In vitro hydroquinone–induced instauration of histone bivalent mark on human retroelements (LINE-1) in HL60 cells
Introduction
Benzene, a volatile aromatic hydrocarbon, is extensively used in industry even though it is recognized as a myelotoxin with leukaemogenic activity, representing a significant occupational risk (Khalade et al., 2010): it is also a well-known environmental pollutant, due to its release in the air through cigarette smoke and fumes of motor vehicles (Wallace, 1989). Exposure to high concentrations of benzene (> 100 ppm) leads to toxicity in the hematopoietic system, while acute myeloid leukaemia (AML) is the major oncogenic disorder associated with chronic exposure, although other forms of leukaemia have been reported (Aksoy, 1989, Atkinson, 2009, Khalade et al., 2010, Stenehjem et al., 2015). Metabolism of benzene plays a fundamental role in its toxicity (Meek and Klaunig, 2010, Zolghadr et al., 2012), and among the different metabolites, hydroquinone (HQ) is one of the most important (Snyder and Hedli, 1996), as it can induce several genetic and epigenetic changes (Liu et al., 2012). Aberrant patterns of DNA methylation, including loss of imprinting (LOI), gene-specific hyper- or hypo-methylation and global hypo-methylation are all common in AML and other tumour types (Lübbert et al., 1992, Bollati et al., 2007, Brait and Sidransky, 2011, Hamilton, 2011, Liu et al., 2011), and are important for transcriptional repression or activation of cancer-associated genes (Chen et al., 2004, Wilson et al., 2007). Nevertheless, the actual mechanism behind the influence of these aberrations on tumourigenesis remains unclear.
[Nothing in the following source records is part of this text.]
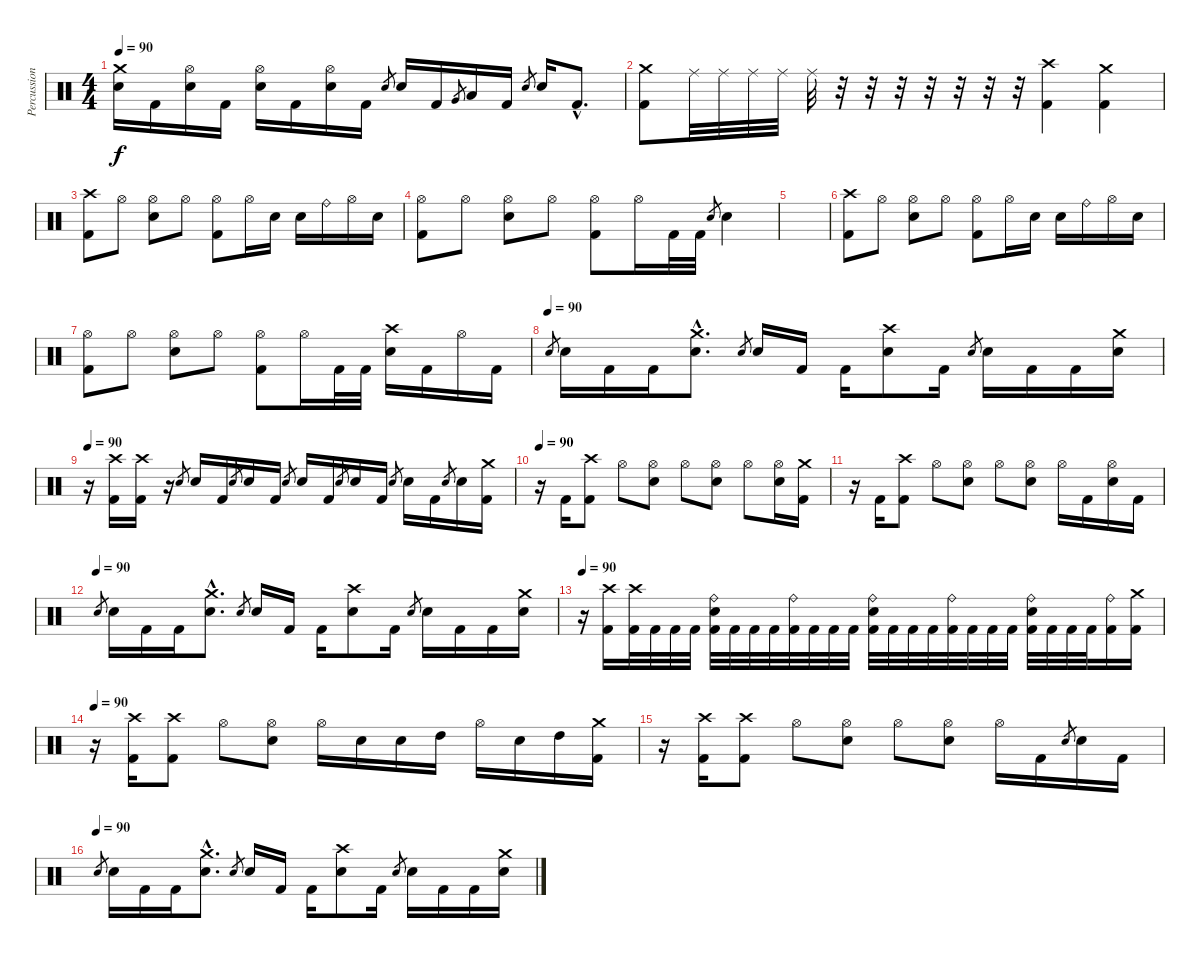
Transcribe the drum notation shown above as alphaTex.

\track ("Percussion" "Percussion") {instrument percussion}
\staff {score}
\articulation defaults
\ts (4 4)
\tempo 90
\clef neutral
\ks c
("Crash medium (hit)" "Electric Snare (hit)").16{dy f} "Kick (hit) 2".16 ("Hi-Hat (open)" "Electric Snare (hit)").16 "Kick (hit) 2".16 ("Hi-Hat (open)" "Electric Snare (hit)").16 "Kick (hit) 2".16 ("Hi-Hat (open)" "Electric Snare (hit)").16 "Kick (hit) 2".16 "Electric Snare (hit)".8{gr} "Electric Snare (hit)".16 "Kick (hit) 2".16 "Very Low Tom (hit)".8{gr} "Low Floor Tom (hit)".16 "Kick (hit) 2".16 "Electric Snare (hit)".8{gr} "Electric Snare (hit)".16 "Kick (hit) 2"{hac}.8{d} |
("Crash medium (hit)" "Kick (hit) 2").8 "Ride (middle)".32 "Ride (middle)".32 "Ride (middle)".32 "Ride (middle)".32 "Ride (middle)".32 r.32 r.32 r.32 r.32 r.32 r.32 r.32 ("Crash high (hit)" "Kick (hit) 2").4 ("Crash medium (hit)" "Kick (hit) 2").4 |
("Crash high (hit)" "Kick (hit) 2").8 "Hi-Hat (open)".8 ("Hi-Hat (open)" "Electric Snare (hit)").8 "Hi-Hat (open)".8 ("Hi-Hat (open)" "Kick (hit) 2").8 "Hi-Hat (open)".16 "Electric Snare (hit)".16 "Electric Snare (hit)".16 "Ride (bell)".16 "Hi-Hat (open)".16 "Electric Snare (hit)".16 |
("Hi-Hat (open)" "Kick (hit) 2").8 "Hi-Hat (open)".8 ("Hi-Hat (open)" "Electric Snare (hit)").8 "Hi-Hat (open)".8 ("Hi-Hat (open)" "Kick (hit) 2").8 "Hi-Hat (open)".16 "Kick (hit) 2".32 "Kick (hit) 2".32 "Electric Snare (hit)".8{gr} "Electric Snare (hit)".4 |
|
("Crash high (hit)" "Kick (hit) 2").8 "Hi-Hat (open)".8 ("Hi-Hat (open)" "Electric Snare (hit)").8 "Hi-Hat (open)".8 ("Hi-Hat (open)" "Kick (hit) 2").8 "Hi-Hat (open)".16 "Electric Snare (hit)".16 "Electric Snare (hit)".16 "Ride (bell)".16 "Hi-Hat (open)".16 "Electric Snare (hit)".16 |
("Hi-Hat (open)" "Kick (hit) 2").8 "Hi-Hat (open)".8 ("Hi-Hat (open)" "Electric Snare (hit)").8 "Hi-Hat (open)".8 ("Hi-Hat (open)" "Kick (hit) 2").8 "Hi-Hat (open)".16 "Kick (hit) 2".32 "Kick (hit) 2".32 ("Crash high (hit)" "Electric Snare (hit)").16 "Kick (hit) 2".16 "Hi-Hat (open)".16 "Kick (hit) 2".16 |
\tempo (90)
"Electric Snare (hit)".8{gr} "Electric Snare (hit)".16 "Kick (hit) 2".16 "Kick (hit) 2".16 ("Crash medium (hit)"{hac} "Electric Snare (hit)"{hac}).8{d} "Electric Snare (hit)".8{gr} "Electric Snare (hit)".16 "Kick (hit) 2".16 "Kick (hit) 2".16 ("Crash high (hit)" "Electric Snare (hit)").8 "Kick (hit) 2".16 "Electric Snare (hit)".8{gr} "Electric Snare (hit)".16 "Kick (hit) 2".16 "Kick (hit) 2".16 ("Crash medium (hit)" "Electric Snare (hit)").16 |
\tempo 90
r.16 ("Crash high (hit)" "Kick (hit) 2").16 ("Crash high (hit)" "Kick (hit) 2").16 r.16 "Electric Snare (hit)".8{gr} "Electric Snare (hit)".16 "Kick (hit) 2".16 "Electric Snare (hit)".8{gr} "Electric Snare (hit)".16 "Kick (hit) 2".16 "Electric Snare (hit)".8{gr} "Electric Snare (hit)".16 "Kick (hit) 2".16 "Electric Snare (hit)".8{gr} "Electric Snare (hit)".16 "Kick (hit) 2".16 "Electric Snare (hit)".8{gr} "Electric Snare (hit)".16 "Kick (hit) 2".16 "Electric Snare (hit)".8{gr} "Electric Snare (hit)".16 ("Crash medium (hit)" "Kick (hit) 2").16 |
\tempo 90
r.16 "Kick (hit) 2".16 ("Crash high (hit)" "Kick (hit) 2").8 "Hi-Hat (open)".8 ("Hi-Hat (open)" "Electric Snare (hit)").8 "Hi-Hat (open)".8 ("Hi-Hat (open)" "Electric Snare (hit)").8 "Hi-Hat (open)".8 ("Hi-Hat (open)" "Electric Snare (hit)").16 ("Crash medium (hit)" "Kick (hit) 2").16 |
r.16 "Kick (hit) 2".16 ("Crash high (hit)" "Kick (hit) 2").8 "Hi-Hat (open)".8 ("Hi-Hat (open)" "Electric Snare (hit)").8 "Hi-Hat (open)".8 ("Hi-Hat (open)" "Electric Snare (hit)").8 "Hi-Hat (open)".16 "Kick (hit) 2".16 ("Hi-Hat (open)" "Electric Snare (hit)").16 "Kick (hit) 2".16 |
\tempo (90)
"Electric Snare (hit)".8{gr} "Electric Snare (hit)".16 "Kick (hit) 2".16 "Kick (hit) 2".16 ("Crash medium (hit)"{hac} "Electric Snare (hit)"{hac}).8{d} "Electric Snare (hit)".8{gr} "Electric Snare (hit)".16 "Kick (hit) 2".16 "Kick (hit) 2".16 ("Crash high (hit)" "Electric Snare (hit)").8 "Kick (hit) 2".16 "Electric Snare (hit)".8{gr} "Electric Snare (hit)".16 "Kick (hit) 2".16 "Kick (hit) 2".16 ("Crash medium (hit)" "Electric Snare (hit)").16 |
\tempo 90
r.16 ("Crash high (hit)" "Kick (hit) 2").16 ("Crash high (hit)" "Kick (hit) 2").32 "Kick (hit) 2".32 "Kick (hit) 2".32 "Kick (hit) 2".32 ("Ride (bell)" "Electric Snare (hit)" "Kick (hit) 2").32 "Kick (hit) 2".32 "Kick (hit) 2".32 "Kick (hit) 2".32 ("Ride (bell)" "Kick (hit) 2").32 "Kick (hit) 2".32 "Kick (hit) 2".32 "Kick (hit) 2".32 ("Ride (bell)" "Electric Snare (hit)" "Kick (hit) 2").32 "Kick (hit) 2".32 "Kick (hit) 2".32 "Kick (hit) 2".32 ("Ride (bell)" "Kick (hit) 2").32 "Kick (hit) 2".32 "Kick (hit) 2".32 "Kick (hit) 2".32 ("Ride (bell)" "Electric Snare (hit)" "Kick (hit) 2").32 "Kick (hit) 2".32 "Kick (hit) 2".32 "Kick (hit) 2".32 ("Ride (bell)" "Kick (hit) 2").16 ("Crash medium (hit)" "Kick (hit) 2").16 |
\tempo 90
r.16 ("Crash high (hit)" "Kick (hit) 2").16 ("Crash high (hit)" "Kick (hit) 2").8 "Hi-Hat (open)".8 ("Hi-Hat (open)" "Electric Snare (hit)").8 "Hi-Hat (open)".16 "Electric Snare (hit)".16 "Electric Snare (hit)".16 "High Tom (hit)".16 "Hi-Hat (open)".16 "Electric Snare (hit)".16 "High Tom (hit)".16 ("Crash medium (hit)" "Kick (hit) 2").16 |
r.16 ("Crash high (hit)" "Kick (hit) 2").16 ("Crash high (hit)" "Kick (hit) 2").8 "Hi-Hat (open)".8 ("Hi-Hat (open)" "Electric Snare (hit)").8 "Hi-Hat (open)".8 ("Hi-Hat (open)" "Electric Snare (hit)").8 "Hi-Hat (open)".16 "Kick (hit) 2".16 "Electric Snare (hit)".8{gr} "Electric Snare (hit)".16 "Kick (hit) 2".16 |
\tempo (90)
"Electric Snare (hit)".8{gr} "Electric Snare (hit)".16 "Kick (hit) 2".16 "Kick (hit) 2".16 ("Crash medium (hit)"{hac} "Electric Snare (hit)"{hac}).8{d} "Electric Snare (hit)".8{gr} "Electric Snare (hit)".16 "Kick (hit) 2".16 "Kick (hit) 2".16 ("Crash high (hit)" "Electric Snare (hit)").8 "Kick (hit) 2".16 "Electric Snare (hit)".8{gr} "Electric Snare (hit)".16 "Kick (hit) 2".16 "Kick (hit) 2".16 ("Crash medium (hit)" "Electric Snare (hit)").16

DNA methylation of repetitive elements is widely used in research and clinic as an indicator of global genomic methylation level, thanks to their high number of copies interspersed in the genome (Yang et al., 2004, Sahnane et al., 2015): the best-studied families are the long (LINE-1 or L1) and the short (SINEs, in particular Alu) interspersed nuclear elements (Byun et al., 2013). In human studies, differences in DNA methylation of L1 and Alu have been consistently demonstrated in response to a wide range of environmental exposures, including airborne pollutants (Bollati et al., 2007, Baccarelli et al., 2009, Peluso et al., 2012, Seow et al., 2012). LINE-1 DNA hypo-methylation was demonstrated in benzene-exposed healthy workers and partially in vitro in HQ treated cells (Bollati et al., 2007, Ji et al., 2010, Liu et al., 2012). Most of the studies conducted so far have been centred on DNA methylation, whereas only a few investigations have analysed the effects of environmental chemicals on histone modifications: only recently the relation with benzene exposure was explored (Baccarelli and Bollati, 2009, Philbrook and Winn, 2015).
DNA methylation is catalysed by three DNA methyl-transferases (DNMTs) (Portela and Esteller, 2010): aberrant expression levels of DNMTs induced by environmental carcinogens, accompanied by changes in global methylation, have been already observed during leukaemogenesis (Benbrahim-Tallaa et al., 2007, Ji et al., 2008, Liu et al., 2011). DNA methylation has a role in directing histone methylation, and vice-versa, with these two marks supporting each other to establish the chromatin environment (Greer et al., 2014, Rose and Klose, 2014): the bridge role between the two epigenetic levels is prevalently played by UHRF1 (ubiquitin-like with PHD and ring finger domains 1) (Bronner et al., 2013).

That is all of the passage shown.